The Makefile assumes the following directory structure:

dist/
  butane.bu
  ignition.json
files/
  your-files-and-trees
main.yml
Makefile
your-custom-structure/
  groups.yml
  users.yml
  ...

Here's an example for the YAML syntax you would use:

variant: fcos
version: 1.4.0
passwd:
  groups:
    !include your-custom-structure/groups.yml
  users:
    - !merge your-custom-structure/users.yml
    - name: core
      groups:
        - wheel

Output:

variant: fcos
version: 1.4.0
passwd:
  groups:
    - name: test
  users:
    - name: core
      groups:
        - wheel
    - name: user1
      ...

We really need the merging feature... 😅

Thanks @lukasbestle for sharing your work!
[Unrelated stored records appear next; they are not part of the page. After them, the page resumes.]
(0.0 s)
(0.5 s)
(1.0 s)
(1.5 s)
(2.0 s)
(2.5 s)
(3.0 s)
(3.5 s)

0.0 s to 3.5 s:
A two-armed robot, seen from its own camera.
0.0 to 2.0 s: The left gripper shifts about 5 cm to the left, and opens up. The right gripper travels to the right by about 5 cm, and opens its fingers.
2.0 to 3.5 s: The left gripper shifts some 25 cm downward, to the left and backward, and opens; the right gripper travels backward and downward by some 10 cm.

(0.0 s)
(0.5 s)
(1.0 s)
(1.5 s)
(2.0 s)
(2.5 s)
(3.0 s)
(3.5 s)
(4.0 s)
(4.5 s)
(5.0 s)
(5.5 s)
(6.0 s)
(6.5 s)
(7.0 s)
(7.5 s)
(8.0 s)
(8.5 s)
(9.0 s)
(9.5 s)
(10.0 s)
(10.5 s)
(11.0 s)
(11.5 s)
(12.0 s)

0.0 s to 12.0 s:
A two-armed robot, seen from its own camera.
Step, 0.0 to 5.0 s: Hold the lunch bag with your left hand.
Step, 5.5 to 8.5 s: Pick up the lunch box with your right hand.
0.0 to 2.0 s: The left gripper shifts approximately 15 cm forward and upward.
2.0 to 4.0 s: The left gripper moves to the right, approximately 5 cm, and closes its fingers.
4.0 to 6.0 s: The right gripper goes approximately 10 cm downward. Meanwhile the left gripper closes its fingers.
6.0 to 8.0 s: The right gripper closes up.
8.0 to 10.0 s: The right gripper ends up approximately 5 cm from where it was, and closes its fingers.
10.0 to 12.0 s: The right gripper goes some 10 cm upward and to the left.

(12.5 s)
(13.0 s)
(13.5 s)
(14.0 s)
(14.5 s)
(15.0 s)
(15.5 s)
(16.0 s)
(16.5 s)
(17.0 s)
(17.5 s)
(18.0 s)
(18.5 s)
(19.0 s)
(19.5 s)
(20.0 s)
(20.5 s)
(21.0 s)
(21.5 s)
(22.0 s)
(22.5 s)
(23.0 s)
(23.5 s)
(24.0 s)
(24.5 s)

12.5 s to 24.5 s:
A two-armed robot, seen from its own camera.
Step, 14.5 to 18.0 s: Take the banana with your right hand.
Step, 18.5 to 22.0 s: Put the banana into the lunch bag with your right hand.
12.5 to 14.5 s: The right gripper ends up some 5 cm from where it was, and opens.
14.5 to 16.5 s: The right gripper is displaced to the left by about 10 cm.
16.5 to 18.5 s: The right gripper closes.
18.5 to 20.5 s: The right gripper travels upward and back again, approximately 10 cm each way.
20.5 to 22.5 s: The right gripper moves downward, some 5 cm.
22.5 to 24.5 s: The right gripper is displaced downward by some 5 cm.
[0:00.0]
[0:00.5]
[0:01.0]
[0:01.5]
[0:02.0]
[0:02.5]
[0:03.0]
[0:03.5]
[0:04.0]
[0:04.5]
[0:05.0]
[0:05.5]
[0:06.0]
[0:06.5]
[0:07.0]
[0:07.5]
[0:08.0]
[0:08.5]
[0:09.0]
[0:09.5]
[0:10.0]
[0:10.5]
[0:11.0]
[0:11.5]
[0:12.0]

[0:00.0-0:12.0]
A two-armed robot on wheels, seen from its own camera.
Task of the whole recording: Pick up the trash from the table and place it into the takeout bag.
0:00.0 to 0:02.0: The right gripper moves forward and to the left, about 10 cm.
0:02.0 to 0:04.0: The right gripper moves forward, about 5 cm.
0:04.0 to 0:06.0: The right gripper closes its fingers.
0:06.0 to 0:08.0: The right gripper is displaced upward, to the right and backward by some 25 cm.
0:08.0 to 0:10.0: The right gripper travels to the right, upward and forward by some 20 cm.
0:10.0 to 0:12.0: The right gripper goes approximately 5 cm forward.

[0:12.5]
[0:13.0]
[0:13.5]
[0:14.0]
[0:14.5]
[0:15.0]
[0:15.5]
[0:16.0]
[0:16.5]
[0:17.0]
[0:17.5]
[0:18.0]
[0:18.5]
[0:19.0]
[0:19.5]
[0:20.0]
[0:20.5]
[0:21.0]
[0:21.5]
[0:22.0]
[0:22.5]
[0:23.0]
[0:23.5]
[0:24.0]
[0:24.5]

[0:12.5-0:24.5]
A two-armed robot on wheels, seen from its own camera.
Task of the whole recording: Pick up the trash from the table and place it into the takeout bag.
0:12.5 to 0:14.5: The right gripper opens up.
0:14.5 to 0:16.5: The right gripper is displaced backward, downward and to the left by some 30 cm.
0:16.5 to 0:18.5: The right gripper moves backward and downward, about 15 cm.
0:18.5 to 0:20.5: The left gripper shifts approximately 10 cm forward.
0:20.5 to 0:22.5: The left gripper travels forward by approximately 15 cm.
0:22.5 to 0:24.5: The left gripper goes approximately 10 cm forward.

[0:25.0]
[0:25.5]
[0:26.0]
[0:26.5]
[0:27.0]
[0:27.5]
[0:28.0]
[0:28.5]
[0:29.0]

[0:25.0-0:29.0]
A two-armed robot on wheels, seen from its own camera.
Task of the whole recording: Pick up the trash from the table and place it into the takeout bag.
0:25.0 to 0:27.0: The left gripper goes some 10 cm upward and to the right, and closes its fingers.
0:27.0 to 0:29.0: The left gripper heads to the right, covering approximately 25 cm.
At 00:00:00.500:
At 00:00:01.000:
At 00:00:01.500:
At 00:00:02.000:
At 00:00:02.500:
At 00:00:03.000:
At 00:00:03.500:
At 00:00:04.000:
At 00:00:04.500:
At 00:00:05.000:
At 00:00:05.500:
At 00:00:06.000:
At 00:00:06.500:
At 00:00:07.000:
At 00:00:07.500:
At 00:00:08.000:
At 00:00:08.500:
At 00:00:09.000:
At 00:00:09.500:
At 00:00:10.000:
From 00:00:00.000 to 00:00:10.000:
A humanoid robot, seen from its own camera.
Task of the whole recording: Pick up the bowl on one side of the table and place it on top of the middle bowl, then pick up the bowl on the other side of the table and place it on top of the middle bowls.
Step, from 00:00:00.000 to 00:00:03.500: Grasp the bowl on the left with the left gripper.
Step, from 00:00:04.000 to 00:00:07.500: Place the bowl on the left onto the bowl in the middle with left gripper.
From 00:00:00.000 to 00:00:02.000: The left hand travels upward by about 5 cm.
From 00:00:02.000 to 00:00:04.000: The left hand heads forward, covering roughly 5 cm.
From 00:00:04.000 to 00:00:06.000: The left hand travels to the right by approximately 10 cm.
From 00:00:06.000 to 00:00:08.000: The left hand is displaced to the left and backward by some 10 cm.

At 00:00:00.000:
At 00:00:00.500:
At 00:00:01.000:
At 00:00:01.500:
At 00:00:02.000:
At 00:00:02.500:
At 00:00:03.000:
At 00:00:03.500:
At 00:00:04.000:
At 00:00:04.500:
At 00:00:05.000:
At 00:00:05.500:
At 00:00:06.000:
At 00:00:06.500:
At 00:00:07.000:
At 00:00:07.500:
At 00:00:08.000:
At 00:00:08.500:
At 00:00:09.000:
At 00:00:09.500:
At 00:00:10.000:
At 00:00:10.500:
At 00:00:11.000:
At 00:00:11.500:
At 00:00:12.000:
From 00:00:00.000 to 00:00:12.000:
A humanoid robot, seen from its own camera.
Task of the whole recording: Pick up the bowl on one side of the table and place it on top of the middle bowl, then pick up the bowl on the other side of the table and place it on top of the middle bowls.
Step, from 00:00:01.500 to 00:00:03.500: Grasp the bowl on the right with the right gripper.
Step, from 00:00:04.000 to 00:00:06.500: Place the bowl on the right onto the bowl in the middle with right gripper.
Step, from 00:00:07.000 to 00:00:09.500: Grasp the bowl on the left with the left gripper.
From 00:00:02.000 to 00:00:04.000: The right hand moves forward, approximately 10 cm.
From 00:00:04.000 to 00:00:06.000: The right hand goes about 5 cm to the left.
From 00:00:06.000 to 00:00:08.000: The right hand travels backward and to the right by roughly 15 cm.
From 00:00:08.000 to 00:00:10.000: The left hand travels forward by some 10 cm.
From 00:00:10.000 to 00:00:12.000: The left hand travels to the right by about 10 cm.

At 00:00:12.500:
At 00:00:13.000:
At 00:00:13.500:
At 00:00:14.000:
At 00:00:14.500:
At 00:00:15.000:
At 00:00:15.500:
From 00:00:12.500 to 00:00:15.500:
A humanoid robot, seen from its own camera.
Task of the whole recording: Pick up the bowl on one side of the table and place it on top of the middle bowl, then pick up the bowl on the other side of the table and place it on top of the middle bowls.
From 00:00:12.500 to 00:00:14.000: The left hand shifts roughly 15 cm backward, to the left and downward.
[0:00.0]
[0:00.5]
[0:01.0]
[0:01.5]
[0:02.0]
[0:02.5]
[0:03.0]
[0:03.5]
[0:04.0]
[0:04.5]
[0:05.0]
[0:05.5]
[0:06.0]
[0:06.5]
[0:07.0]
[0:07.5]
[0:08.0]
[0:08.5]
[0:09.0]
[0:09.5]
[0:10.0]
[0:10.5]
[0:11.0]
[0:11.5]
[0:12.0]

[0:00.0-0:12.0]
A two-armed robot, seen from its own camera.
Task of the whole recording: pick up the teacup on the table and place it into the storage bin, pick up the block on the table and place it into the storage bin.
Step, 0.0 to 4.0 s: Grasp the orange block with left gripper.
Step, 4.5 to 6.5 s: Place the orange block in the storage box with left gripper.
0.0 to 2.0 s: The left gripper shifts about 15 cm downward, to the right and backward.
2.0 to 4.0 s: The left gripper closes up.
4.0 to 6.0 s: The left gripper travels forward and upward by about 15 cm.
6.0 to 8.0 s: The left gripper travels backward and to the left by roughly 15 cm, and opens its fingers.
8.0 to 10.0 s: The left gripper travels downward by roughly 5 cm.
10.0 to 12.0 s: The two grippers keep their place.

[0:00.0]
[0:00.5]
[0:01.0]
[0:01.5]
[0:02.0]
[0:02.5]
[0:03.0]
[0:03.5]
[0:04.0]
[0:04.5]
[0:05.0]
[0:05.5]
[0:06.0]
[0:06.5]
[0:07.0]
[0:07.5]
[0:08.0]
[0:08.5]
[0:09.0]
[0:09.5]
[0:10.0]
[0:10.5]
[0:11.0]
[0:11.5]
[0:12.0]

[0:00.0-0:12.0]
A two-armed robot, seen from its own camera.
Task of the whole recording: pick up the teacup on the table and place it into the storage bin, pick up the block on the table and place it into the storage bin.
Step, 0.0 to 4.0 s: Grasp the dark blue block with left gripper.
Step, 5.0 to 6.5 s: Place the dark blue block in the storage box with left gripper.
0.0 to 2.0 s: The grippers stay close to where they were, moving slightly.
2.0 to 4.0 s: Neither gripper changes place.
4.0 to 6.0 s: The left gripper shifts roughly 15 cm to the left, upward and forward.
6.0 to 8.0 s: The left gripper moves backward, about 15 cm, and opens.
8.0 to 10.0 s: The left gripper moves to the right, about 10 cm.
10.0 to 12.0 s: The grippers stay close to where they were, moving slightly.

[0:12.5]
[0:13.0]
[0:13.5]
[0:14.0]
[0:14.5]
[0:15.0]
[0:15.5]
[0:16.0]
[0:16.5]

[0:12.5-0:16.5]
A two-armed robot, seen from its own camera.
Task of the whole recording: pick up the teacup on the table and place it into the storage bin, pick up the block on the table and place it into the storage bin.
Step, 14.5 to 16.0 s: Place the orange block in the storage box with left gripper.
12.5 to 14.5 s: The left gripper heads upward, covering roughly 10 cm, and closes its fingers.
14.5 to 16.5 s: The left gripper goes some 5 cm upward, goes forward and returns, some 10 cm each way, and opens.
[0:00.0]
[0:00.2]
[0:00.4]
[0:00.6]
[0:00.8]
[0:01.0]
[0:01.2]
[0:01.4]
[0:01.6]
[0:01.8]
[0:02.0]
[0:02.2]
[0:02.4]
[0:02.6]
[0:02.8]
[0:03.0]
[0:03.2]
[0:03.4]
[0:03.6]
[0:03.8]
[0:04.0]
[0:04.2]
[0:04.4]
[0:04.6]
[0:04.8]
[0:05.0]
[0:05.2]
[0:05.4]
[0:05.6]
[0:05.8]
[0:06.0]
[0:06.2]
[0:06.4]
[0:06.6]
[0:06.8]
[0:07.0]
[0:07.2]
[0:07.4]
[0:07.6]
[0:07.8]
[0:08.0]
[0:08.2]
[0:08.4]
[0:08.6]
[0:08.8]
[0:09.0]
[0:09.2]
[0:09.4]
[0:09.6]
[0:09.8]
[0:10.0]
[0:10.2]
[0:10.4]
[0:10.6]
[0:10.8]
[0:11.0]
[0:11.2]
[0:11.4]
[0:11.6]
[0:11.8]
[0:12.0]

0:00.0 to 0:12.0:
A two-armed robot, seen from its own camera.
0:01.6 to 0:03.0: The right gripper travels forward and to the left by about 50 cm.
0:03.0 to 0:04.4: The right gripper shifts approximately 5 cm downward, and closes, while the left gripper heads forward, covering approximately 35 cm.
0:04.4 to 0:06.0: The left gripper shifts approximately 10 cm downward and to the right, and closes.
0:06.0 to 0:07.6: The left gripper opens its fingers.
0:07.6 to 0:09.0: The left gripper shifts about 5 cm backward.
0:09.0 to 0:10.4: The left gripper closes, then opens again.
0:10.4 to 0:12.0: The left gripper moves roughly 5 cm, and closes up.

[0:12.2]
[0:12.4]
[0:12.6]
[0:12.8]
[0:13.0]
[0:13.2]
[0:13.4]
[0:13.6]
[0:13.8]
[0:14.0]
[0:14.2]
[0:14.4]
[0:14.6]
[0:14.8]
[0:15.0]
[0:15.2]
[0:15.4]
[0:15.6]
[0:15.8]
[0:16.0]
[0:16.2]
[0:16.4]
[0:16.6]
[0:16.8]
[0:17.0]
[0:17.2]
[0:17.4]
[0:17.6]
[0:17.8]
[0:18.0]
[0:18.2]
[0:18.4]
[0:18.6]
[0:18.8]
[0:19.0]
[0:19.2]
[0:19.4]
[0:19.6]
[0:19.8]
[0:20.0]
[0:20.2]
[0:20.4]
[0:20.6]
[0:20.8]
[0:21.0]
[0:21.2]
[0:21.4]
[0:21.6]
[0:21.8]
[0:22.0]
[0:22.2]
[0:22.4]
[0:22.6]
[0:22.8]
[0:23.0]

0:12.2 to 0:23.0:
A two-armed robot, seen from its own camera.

LorbusChris commented 2 years ago

Here's another example of how to (naively) merge Butane config snippets: https://github.com/LorbusChris/butane-config-template

carlocorradini commented 2 years ago

Here's another example of how to (naively) merge Butane config snippets: https://github.com/LorbusChris/butane-config-template

So useful! Thanks!

bgilbert commented 2 years ago

@dghubble Hmm, I'm not sure I understand the API issue. On the Ignition side, there are currently a couple ways to merge two byte slices containing Ignition configs:

Both approaches support fragments with mixed spec versions. We've used both in different places, depending on the situation; e.g. the first one can be implemented in non-Go code. The first one is probably too obscure to add as a helper function in Ignition, and the second one doesn't seem worth a helper because it's basically two function calls. Maybe I'm missing something though?

On the Butane side, I think programmatic merging will happen for free as part of the user-facing implementation. The caller will be able to create a Butane config struct with the appropriate merge directives (which may mean we should support both inline and local) and run it through ToIgn* in the usual way. If that turns out to be too finicky, we can always create a helper function. But I'd want to make sure we design primarily for the user experience, rather than starting with the external API.

In any event, let's keep this issue focused on user-facing config merging. If you'd like to continue discussion of the API side, feel free to open a separate issue.

bgilbert commented 2 years ago

@lukasbestle Thanks for the writeup and proposal!

Import/include and merge via YAML tags

I have substantial reservations about this approach.

Native Ignition merge

I think it makes more sense to extend the existing merge semantics to Butane configs. But adding a --recursive flag has a similar problem as listing merge sources on the command line: the rendered config would behave differently depending on external parameters to the Butane compiler. (For example, if Matchbox found a Butane config on disk, it wouldn't know whether to pass the flag.) Instead, I think we should add parallel merge/replace fields for Butane child configs. For example:

variant: fcos
version: 9.9.9-experimental
ignition:
  config:
    merge:
      - local_butane: child.bu
      - inline_butane: |
          variant: fcos
          version: 1.1.0
          [...]

I'd think users would mostly use local_butane. inline_butane could be useful for programmatically-generated config structs.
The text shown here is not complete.